Leafy banyan tree in front of the house Roots!

Ah! The garden. Even that was something of a marvel. It was my eldest mama’s domain, the man with green fingers. Mostly he would be found pottering, spectacles perched on his nose, scowling in absolute concentration.

Thanks to his efforts, it was a tropical forest of gigantic jackfruit, mango and litchi trees. Pumpkins and bottle gourds creeped and climbed all over the place and the huge cement pots always had some evergreen plant blooming. It was easy to get lost in the shrubbery. Perhaps that’s why Platini had her litter there. I know because I followed Nani there to feed her one sunny afternoon.

Today, neither the house nor the garden exist. Last year it was sold. The tall slice of cake smashed.

All that remains are its photographs and the memories that are fraying at the edges.

Sepia photos of my maternal grandparents when they were young. Sepia memories !

Once they go, I would have truly lost my second address forever.


14 thoughts on “The House That Nana Built.

  1. Aww, what wonderful memories! I’m new to your blog and I just Love this post. (I’m also loving the memory of Luke Skywalker and the Star Wars universe, something I still love to this day!) But it’s these special memories we cherish, oh the garden sounds amazing too. I enjoyed all you beautiful photos! 😀 ~Diana ❤️

    Liked by 1 person

    1. Diana, it feels wonderful that my words left an impact. This was prime time nostalgia, a different world and a different time. I am thrilled you could connect with it. Thank you for leaving such a warm appreciative comment.

      May the force be with you ! 😊

      Liked by 1 person

  2. Hey….what about about daily race to the chicken coop every morning to bag the biggest brownest egg…and the early morning greetings of high tempo music beats at 5AM coming from Anil mama’s first floor abode while doing his workouts…and scores of hours spent hanging over the wall under the ‘lucaat’ tree watching the world go by the busy intersection of Araghar and also trying to keep an eye on Sundariyal’s cycle shop across the street ….super Didu…u opened the floodgates of the happiest memories of our childhood at our gingerbread house at 82 Araghar…😀

    Liked by 1 person

    1. Ah Sharad! Your comments take me back on a roller coaster nostalgia ride. I had almost forgotten till you reminded me of it all. This has to be one of the most super of all my treasured comments .
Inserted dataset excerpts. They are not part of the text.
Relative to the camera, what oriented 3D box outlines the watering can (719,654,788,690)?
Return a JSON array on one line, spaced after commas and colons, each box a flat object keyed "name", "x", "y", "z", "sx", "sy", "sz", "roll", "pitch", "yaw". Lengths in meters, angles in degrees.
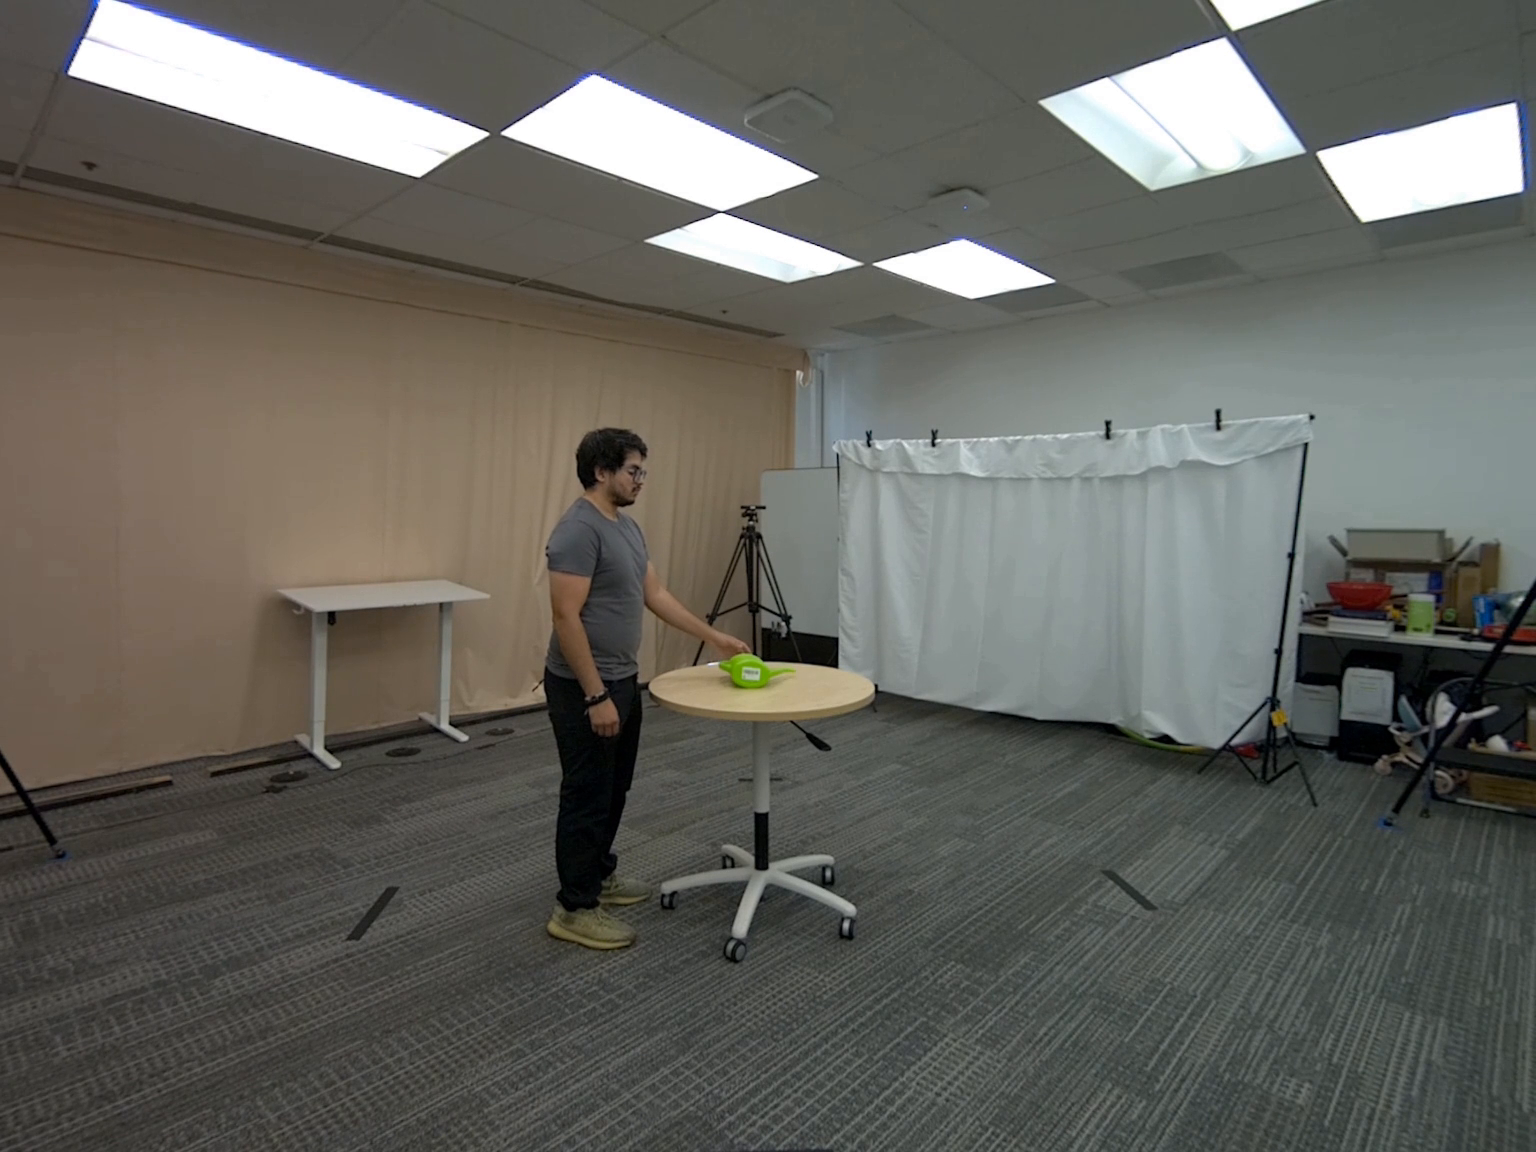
[{"name": "watering can", "x": -0.027, "y": 0.317, "z": 2.877, "sx": 0.276, "sy": 0.098, "sz": 0.179, "roll": -6, "pitch": 5, "yaw": -7}]
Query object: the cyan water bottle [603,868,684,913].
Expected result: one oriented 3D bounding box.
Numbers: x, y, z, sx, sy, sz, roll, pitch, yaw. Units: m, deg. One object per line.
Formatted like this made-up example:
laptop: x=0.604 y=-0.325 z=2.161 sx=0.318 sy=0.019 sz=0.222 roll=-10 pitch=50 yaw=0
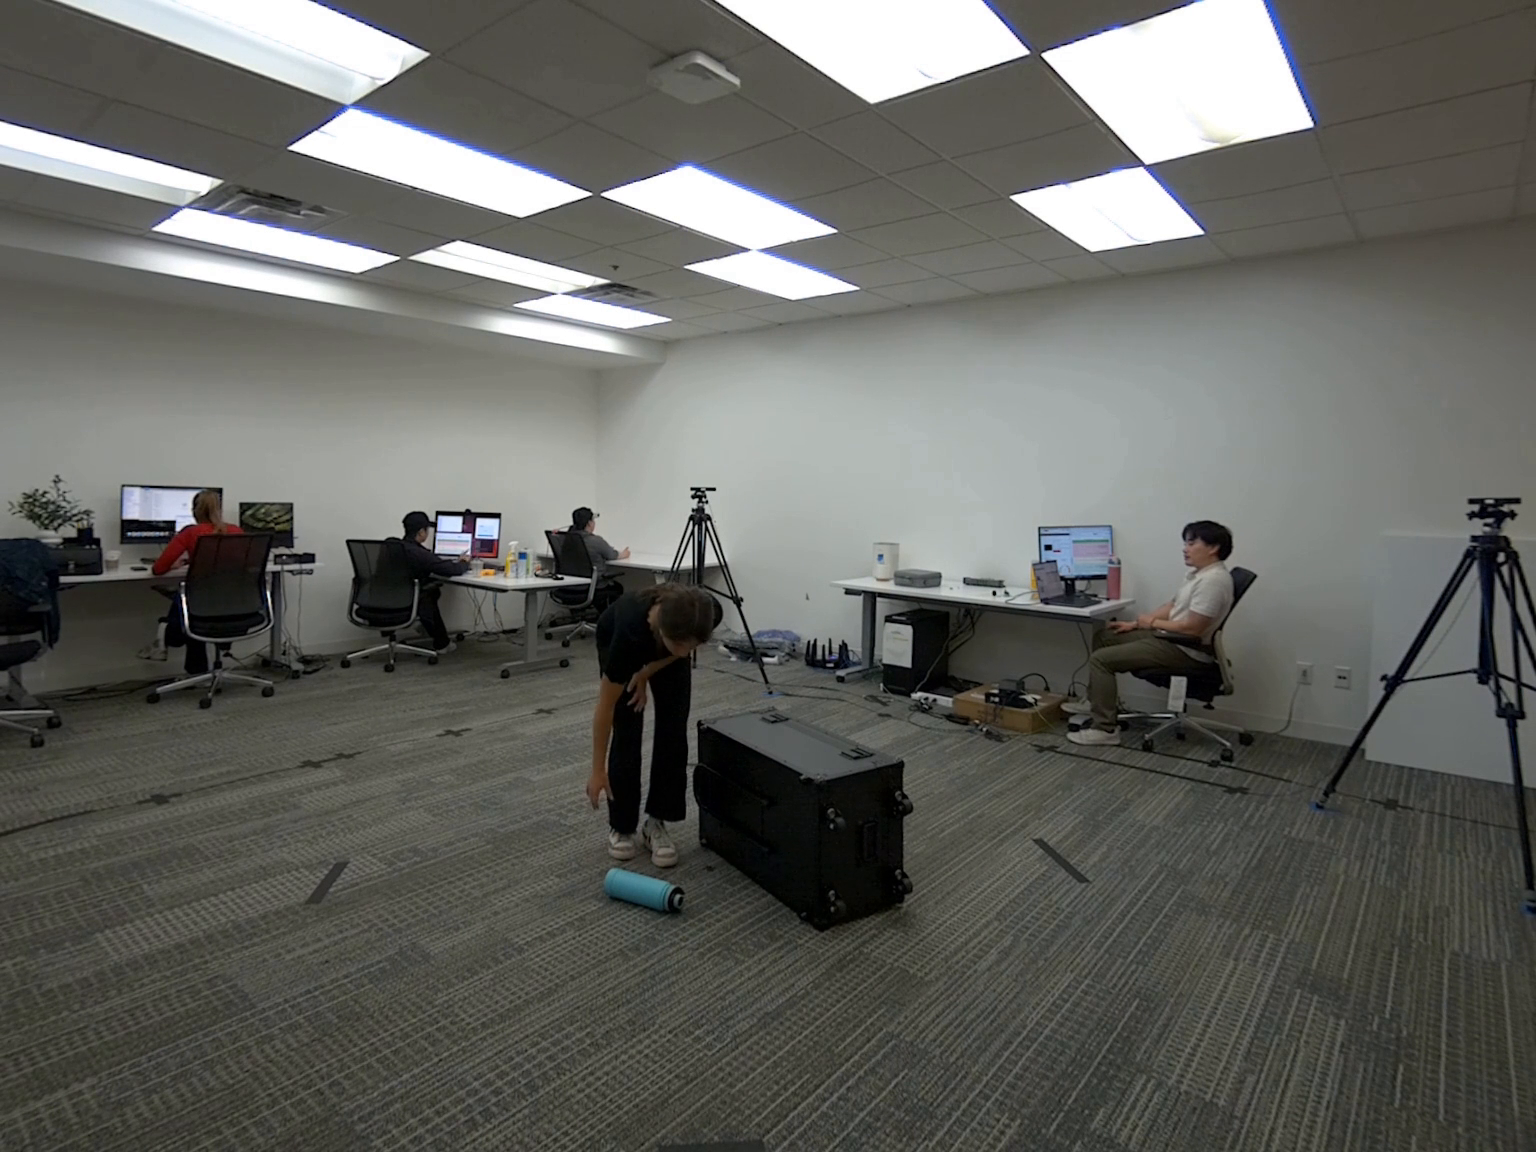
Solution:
cyan water bottle: x=-0.420 y=1.041 z=2.832 sx=0.291 sy=0.092 sz=0.090 roll=4 pitch=5 yaw=25

      “We had joys , we had fun , we had seasons in the sun…”


  3. What a lovely, sentimental post Sheetal. Always wonderful to understand a bit more of your culture! Like you I lost my grandmother (we called her nana – I found it interesting that is the male name in your language) many years ago. I fondly remember visits to her home and the treats she always had on the ready that were not allowed in our own home. Things like coka cola and cookies for example. And she always had a little something as a gift – I remember loving bobby pins with a rhinestone on the end that I felt so elegant in! Thank you for the walk through memory lane.

    Liked by 1 person

    1. Yes, it is a coincidence to see that the word ‘nana’ unites grandparents across the world. We have much in common than what we are lead to believe.

      I enjoyed reading your reminiscences as well , imagining those halcyon days. Thank you for sharing them with me, Tina. Have an amazing day, it’s bright and early in India!


  4. Childhood memories are like pressed flowers in your favourite books. They remain fragrant and exquisite and wuth time-become timeless. You only have to flip the pages and out they pour:)

    What fun you must have had, Sheetal! Your narration gave me a glimpse of It, would love to read more of It.

    Liked by 1 person

  5. Nostalgia relived through a perfectly structured and flowing narrative à la Khushwant Singh. Tremendous capability you have to paint life so vividly with words.

    Liked by 1 person

    1. Kumud, I’m floating in air . Khushwant Singh is a level I aspire for ; I am ecstatic if you think I was able to capture a fraction of his magic . This was a memory trip and I’m glad you enjoyed the blast into the past. Thank you.